The following diagram restates our conclusion about these different error cases and shows how Bluecore handles them.

Error Interpretation

Different services tend to report errors in different ways. A lot of times these errors aren’t reported in a way that is understood by the rest of the software stack. Knowing this, one can infer that there is a need for some sort of error bucketing layer to convert these service errors to ones that are known and understood by our software. In our case, we need to convert them into either retryable or one of the two non-retryable cases. This can get complex because errors can be added, removed, or changed. If we no longer recognize an error we have to be able to handle that properly too. Based on this knowledge, we will map the known errors to the behavior we define as appropriate.

Removing Surprises From Our Software

Errors can change and become unrecognizable, so when we classify them, we should handle the unknown ones because we want to be resilient to unexpected changes. We are therefore presented with two options:

Make unknown errors retryable OR
Make them one of the two non-retryable cases

These two options essentially ask the question: do we want to call the Unset API in cases of unknown errors? Since the unknown errors can happen at any point in an email service pipeline, we must assume the worst and say that it happened post-email delivery. Effectively, we build a whitelist of errors that are allowed to call the Unset API and everything else will by default not call that API.

Pseudo-Code

This is simple enough to understand, so we can write a short Python code snippet that shows all of this behavior in code.

def email_service_send(customer, email):
    try:
        attempt_email_send(customer, email)
    except KnownExceptions as known_exc:
        if is_retryable_exc(known_exc):
            raise RetryableException()
        elif can_unset_mtbe_from_exc(known_exc):
            raise NonRetryableException(safe_to_unset=True)
        raise NonRetryableException(safe_to_unset=False)
    except Exception:
        raise NonRetryableException(safe_to_unset=False)


def send_email(customer, email, unique_id):
    can_send = mtbe_service_check_and_set(customer, unique_id)
    if not can_send:
        return
    try:
        email_service_send(customer, email)
    except RetryableException:
        mtbe_service_unset(customer, unique_id)
        raise
    except NonRetryableException as non_retryable_exc:
        if non_retryable_exc.safe_to_unset:
            mtbe_service_unset(customer, unique_id)

The email_service_send function internally converts the errors into a form that the rest of the pipeline will understand and therefore handle properly.

Trade-offs

Our solution requires someone to manage the known errors and make sure those are up-to-date, which may not be the best use of time.
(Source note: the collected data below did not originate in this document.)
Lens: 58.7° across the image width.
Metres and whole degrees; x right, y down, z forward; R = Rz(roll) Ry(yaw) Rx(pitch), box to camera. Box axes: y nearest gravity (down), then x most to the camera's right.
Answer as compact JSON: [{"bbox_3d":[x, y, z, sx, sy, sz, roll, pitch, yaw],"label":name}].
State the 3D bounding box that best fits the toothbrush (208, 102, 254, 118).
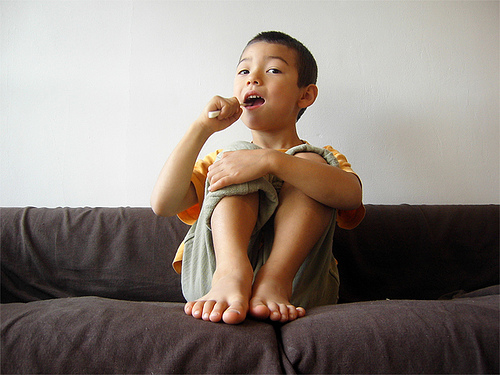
[{"bbox_3d":[-0.066,-0.248,1.419,0.156,0.050,0.022,-19,10,-38],"label":"toothbrush"}]
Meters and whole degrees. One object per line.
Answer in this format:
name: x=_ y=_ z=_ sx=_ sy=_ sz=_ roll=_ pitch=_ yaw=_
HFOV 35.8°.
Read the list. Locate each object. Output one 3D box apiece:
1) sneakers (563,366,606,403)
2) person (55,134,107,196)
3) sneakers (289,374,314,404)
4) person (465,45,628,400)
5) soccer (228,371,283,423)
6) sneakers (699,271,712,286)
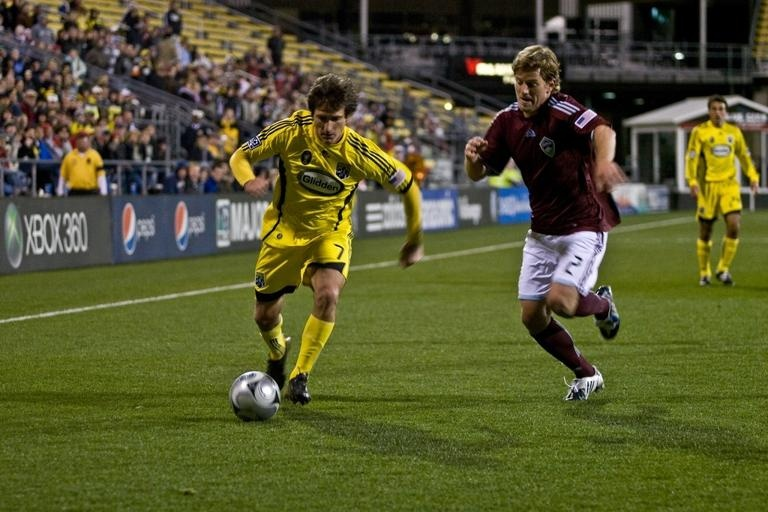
sneakers: x=1.789 y=1.191 z=10.673 sx=0.484 sy=0.186 sz=0.170 roll=-31 pitch=8 yaw=-30
person: x=-4.444 y=-1.343 z=17.466 sx=0.479 sy=0.890 sz=0.675 roll=6 pitch=13 yaw=28
sneakers: x=-0.756 y=1.167 z=10.518 sx=0.199 sy=0.296 sz=0.269 roll=-1 pitch=12 yaw=-5
person: x=1.467 y=-0.291 z=10.548 sx=1.223 sy=3.096 sz=0.990 roll=2 pitch=12 yaw=9
soccer: x=-1.122 y=1.204 z=10.190 sx=0.428 sy=0.412 sz=0.398 roll=0 pitch=-5 yaw=-8
sneakers: x=4.065 y=0.296 z=15.053 sx=0.220 sy=0.203 sz=0.099 roll=1 pitch=-2 yaw=-27
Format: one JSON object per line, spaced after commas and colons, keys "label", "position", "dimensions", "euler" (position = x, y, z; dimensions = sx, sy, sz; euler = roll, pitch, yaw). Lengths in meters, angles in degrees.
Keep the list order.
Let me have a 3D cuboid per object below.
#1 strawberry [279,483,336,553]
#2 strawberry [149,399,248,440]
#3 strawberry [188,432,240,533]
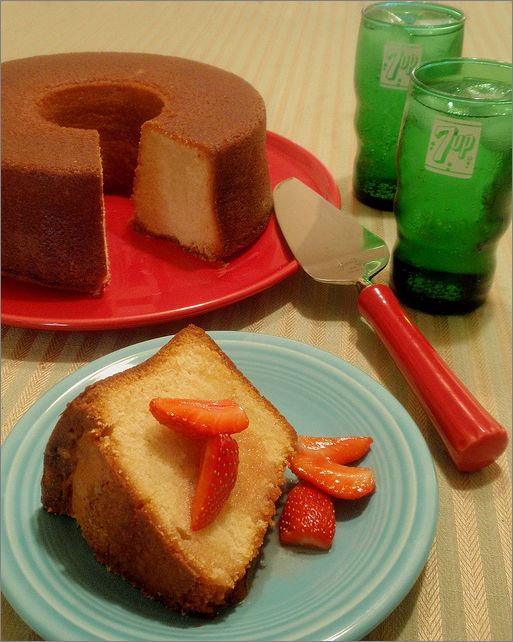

But the biggest win to this approach is that we can take some retroactive action to correct a wrong decision made within our pipeline. If we treat unknown errors as retryable errors and an issue were to happen, reverting that would not be possible since the delivery was already made. The Bluecore recovery story is much better with the whitelist approach, which is one of the driving reasons why we chose this approach.

Takeaways

Error handling is hard and can lead to a lot of weird behavior if handled improperly. Some things you can take away from this post are:

When integrating with a service, classify the errors that are returned. These fall into either successful, failed and guaranteed to have not processed, or failed but possibly processed.
Define what you want to happen when each of these errors occurs.
Have a safe default for ones that you are just not confident about.
Implement!

This process will then help ensure that your error handling is as safe as possible.